I cannot find a single thing to recommend about this book. The storyline is ludicrous, hinging as it does on so many coincidences that Charles Dickens would have been embarrassed to use them. The dialogue is wooden and anachronistic (nobody said “snafu” in 1900 – it’s a word from World War II). Shifts in point of view occur abruptly, within the same scene and often in the same paragraph. A single scene is drawn out for pages and pages, while years pass in the space of a phrase or sentence. The characters are so heavily stereotyped that I knew what they were going to do chapters beforehand. The fact that all the love stories were based on adultery was an aspect I found especially distasteful: Yuala and Henry, Rachel and Richard, Jefferson and Caroline, Lawrence and Yin, even Barbara and her lover Michael.
It is obvious – painfully so – that Ms. Lanigan conducted a lot of research in the course of writing the book. It’s as if she were standing in front of readers, waving a sheaf of paper and beating us over the head with what she found out. Unfortunately, most of it is not germane to the story: at one point a character sits at a piano and plunks out a tune. That’s the only reason we’re subjected to the preceding paragraphs, which give us a pedantic and self-important treatise on the history of the piano. By the end of the book, we’ve been treated to a social history of San Francisco, complete with lists of politicians and socialites, as well as more information than we need about the graft and corruption in City Hall. We’re also told at great length about the social structure and foreign policy of China in the nineteenth century. But don’t ask me how this advances the plot. One of the rules of fiction writing is: If it’s not necessary to the plot, leave it out. By that measure, a good half of Wings of Destiny could have been penciled out, and this reader, at least, would not have lamented its removal.
What makes it worse is that much of the research is flat-out wrong. Caroline gets anesthetic during childbirth, in 1839, when in fact doctors did not attempt this until 1845, at the earliest. The beginning of the Civil War is given as 1860, not 1861. Mention is made of Beethoven being a “prize pupil” of Mozart’s, when he studied under the Austrian genius for only a brief period in 1784. The plethora of errors I ran across led me to doubt everything else I read.

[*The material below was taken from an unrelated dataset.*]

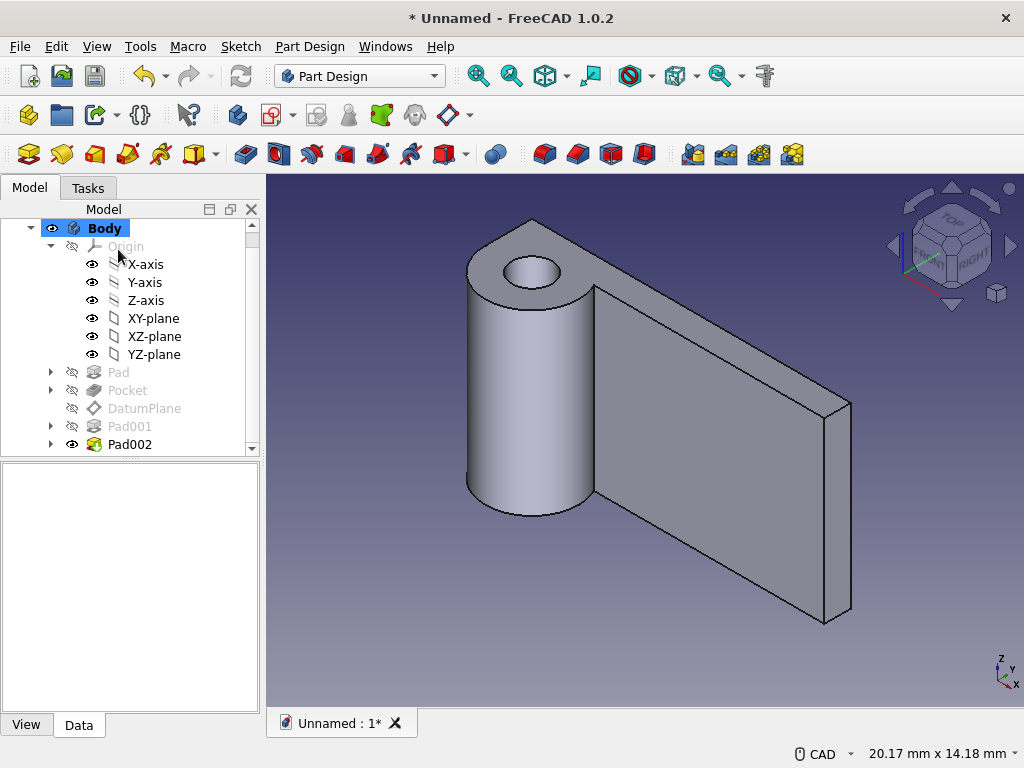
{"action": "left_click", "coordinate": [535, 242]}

This is in addition to the fact that all of Yuala’s descendants exhibit nothing but aristocratic European features, with nary a hint of their African heritage among the lot. Evidently, genetics was not among the subjects the author included in her research; the only gene this group seems to have in common is the one that passes on a propensity to commit adultery.
Throw in a couple of gratuitous masturbation scenes, the distracting tendency to introduce secondary characters in elaborate detail and then do nothing with them, and typographical errors that occurred so frequently I stopped making note of them, and Wings of Destiny went over with me like the proverbial lead balloon. I ended up reading passages aloud to friends, trying to recreate the MST-3K experience. I should have asked Joel if I could borrow the robots before I started reading.